- Born: Caudry, commune of the Nord department in northern France.
- Education: Prytanée national militaire
- Occupations: Chief superintendent, Novelist.
- Parents: Jean-Michel Rémy LENGLET (father); Marie-Louise NORMAND (mother);

= Alfred Lenglet =

French author

Alfred Lenglet (born in 1968, Caudry), is a French chief superintendent and novelist specialised in crime fiction. who grew up in Bertry.

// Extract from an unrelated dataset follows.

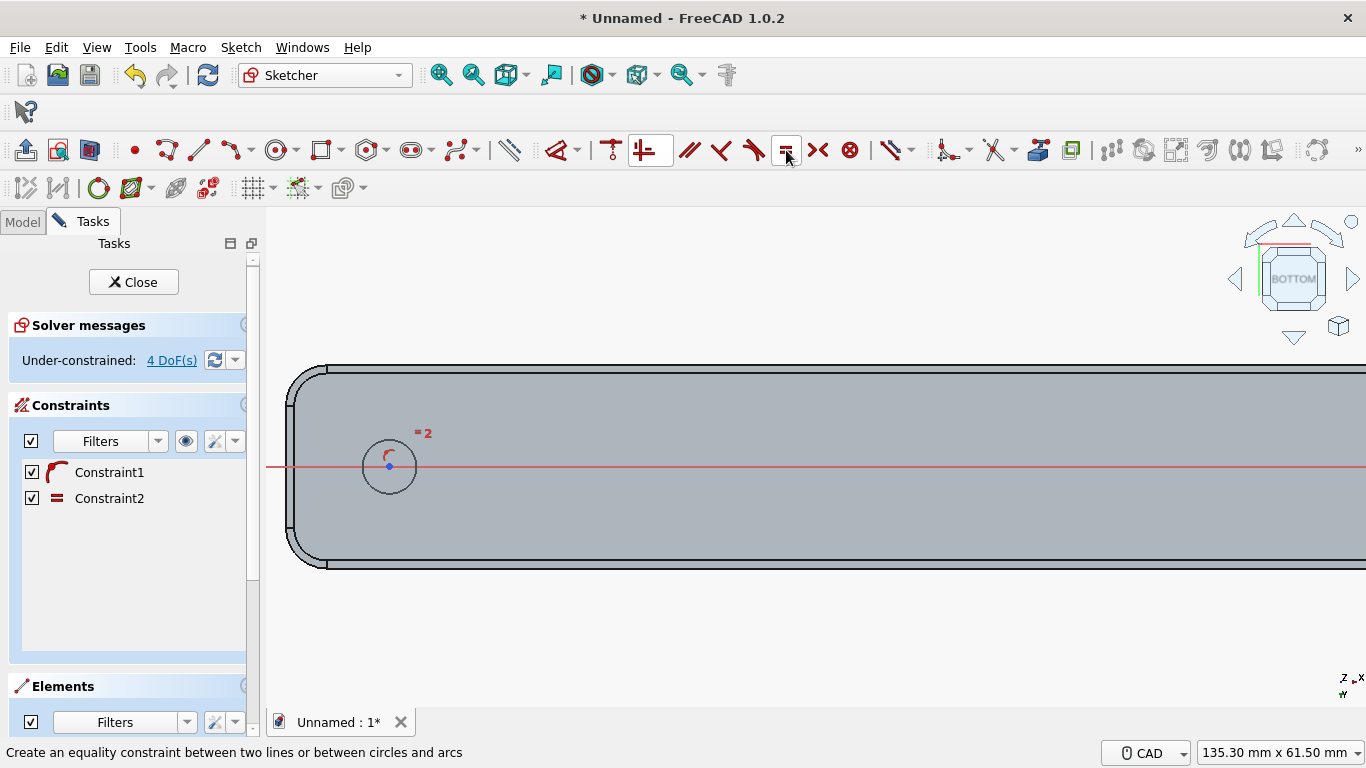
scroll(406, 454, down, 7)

He was awarded the Lucien Gachon Prize in 2003 for his book 'The Hollow of Hell' (French: Le Creux de l'Enfer).

== Biography ==
After graduating from the Prytanée national militaire and the Aix-en-Provence military school, he joined the National Police (Police nationale) where he became a divisional commissioner, chief superintendent, departmental director of the police forces in France like in Auvergne or Burgundy and 'Head of the Night Service' in Lyon. In 2018, he was appointed professor to the French National Policing School in Saint-Cyr-au-Mont-d'Or. Lenglet holds a master's degree in History writing a thesis on the Parisian police before the First World War convened by Jean-Paul Brunet. His writings reflect his upbringing in northern France impacted by the Great War, his military training and his readings of specific authors such Guy de Maupassant, Ernst Jünger, Marguerite Yourcenar, Henri Bosco, Jean d'Ormesson and Julien Gracq. The recurring character he created is named Léa Ribaucourt, a young policewoman.

== Non-exhaustive bibliography ==

- Lenglet, Alfred (2002). "Le Creux de l'Enfer"
- Lenglet, Alfred (2003). "Les Écheveaux du destin"
- Lenglet, Alfred (2008). "Paradis parfumé"
- Lenglet, Alfred (2010). "Les Vignes de l'aïeul"
- Lenglet, Alfred (2012). "L'Amour dans l'ombre"
- Lenglet, Alfred (2014). "Le Médecin des hautes terres"
- Lenglet, Alfred (2015). "Les Vieux Amants du plateau"
- Lenglet, Alfred (2015). "Du poison dans les veines : Une enquête de Léa Ribaucourt"
- Lenglet, Alfred (2016). "Jeux mortels en hiver"
- Lenglet, Alfred (2017). "Temps de haine"
- Lenglet, Alfred (2018). "Coeurs de glace : Une enquête de Léa Ribaucourt"

== Personal life ==
Lenglet had four children with Nathalie Vrech named Erwin, Nils, Nanncy and Mancia.